Cyrillic scan (Russian)
Section titled “Cyrillic scan (Russian)”{ "input": { "file_url": "https://example.com/russian-scan.pdf", "backend": "pipeline", "lang": "east_slavic" }}Either backend produces Russian output (Pro VLM handles Cyrillic correctly; pipeline uses PaddleOCR with explicit script-family OCR models). For scans without an embedded text layer or for Cyrillic dialects beyond Russian/Ukrainian/Belarusian, pipeline is the documented-safe choice.
Scanned image (PNG)
Section titled “Scanned image (PNG)”{ "input": { "file_url": "https://example.com/page-scan.png", "backend": "pipeline", "lang": "latin" }}Image is converted to a single-page PDF internally, then routed through pipeline OCR.
DOCX with native text + embedded equations
Section titled “DOCX with native text + embedded equations”{ "input": { "file_url": "https://example.com/spec.docx", "formula_enable": true }}Office parser extracts native text and structure; embedded equation/image regions are sent to the chosen backend for parsing.
XLSX (spreadsheet)
Section titled “XLSX (spreadsheet)”{ "input": { "file_url": "https://example.com/data.xlsx" }}Returns Markdown tables (one per sheet) in content_list.
Size limits
Section titled “Size limits”| Transport | Max input size |
|---|---|
file_b64 (inline) | 20 MB (RunPod gateway cap on /runsync; 10 MB on /run) |
file_url | No hard cap; the worker downloads with a 120 s timeout |
volume_path | No hard cap; only limited by the network volume’s free space |
For multi-hundred-MB books or large image archives, prefer file_url (signed S3 URL is cheapest) or pre-stage on a network volume — see Network volumes.
Page selection (PDF only)
Section titled “Page selection (PDF only)”The start_page / end_page fields apply to PDFs (including images converted to single-page PDFs).
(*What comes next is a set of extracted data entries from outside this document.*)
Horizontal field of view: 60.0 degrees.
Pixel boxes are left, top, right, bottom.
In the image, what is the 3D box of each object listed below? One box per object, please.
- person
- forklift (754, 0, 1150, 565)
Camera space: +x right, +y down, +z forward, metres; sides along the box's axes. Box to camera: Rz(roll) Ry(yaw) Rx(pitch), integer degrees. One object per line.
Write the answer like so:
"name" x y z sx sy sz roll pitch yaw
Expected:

For DOCX/PPTX/XLSX, page-range semantics are interpreted by MinerU’s Office parsers — they generally process the whole document and start_page / end_page are best-effort.
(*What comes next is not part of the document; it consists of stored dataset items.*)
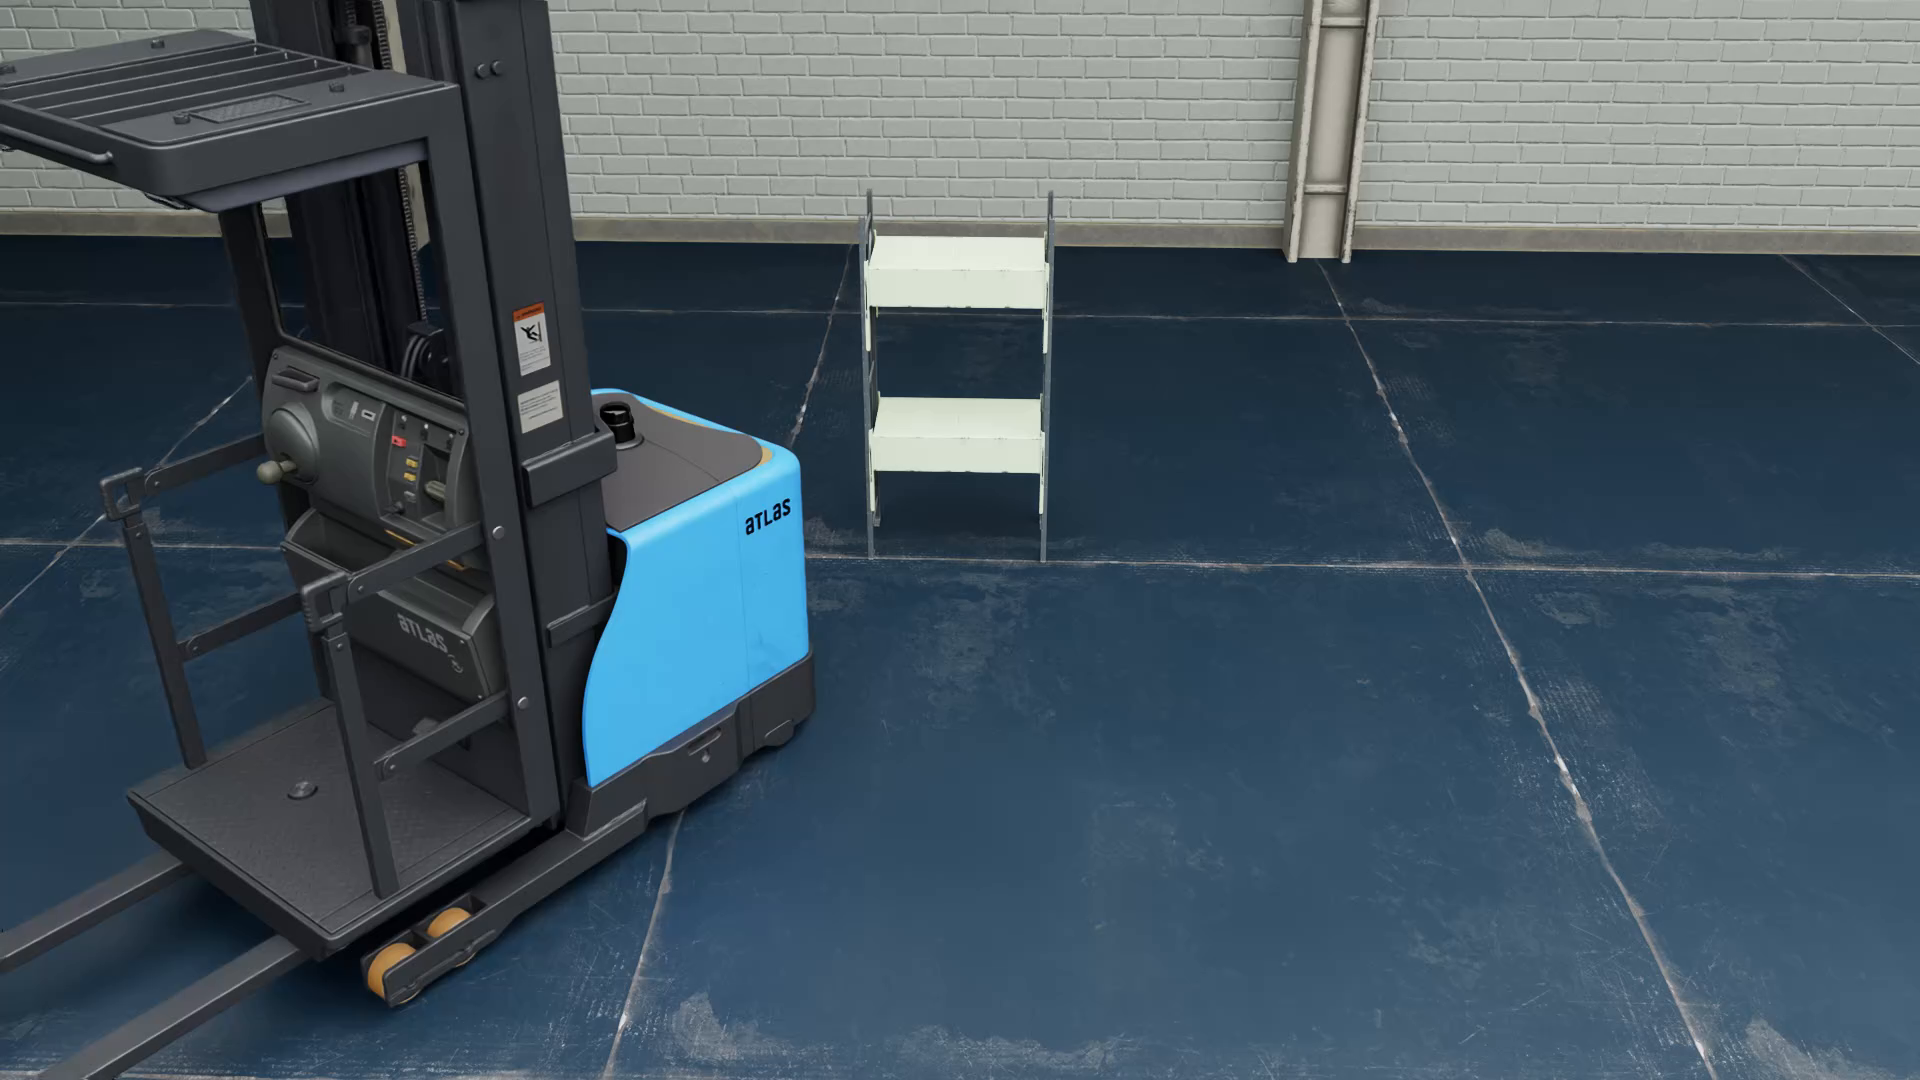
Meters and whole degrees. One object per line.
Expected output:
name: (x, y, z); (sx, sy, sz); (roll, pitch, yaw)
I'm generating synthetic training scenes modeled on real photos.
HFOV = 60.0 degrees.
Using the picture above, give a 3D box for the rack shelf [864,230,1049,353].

Format detection edge cases
Section titled “Format detection edge cases”If _detect_format returns "unknown" (the bytes don’t match any known magic), the worker raises:
ValueError: input bytes do not match any supported format (PDF, PNG/JPEG/GIF/BMP/TIFF/WebP image, or DOCX/PPTX/XLSX). Check that file_b64 was base64-encoded correctly and that file_url returned the file body (not an error page).Most common cause is file_url returning an HTML error page (e.g. a 403 from an S3 bucket with expired credentials). The first 16 bytes of the response will start with <!DOCT or <html — neither of which is in our magic table.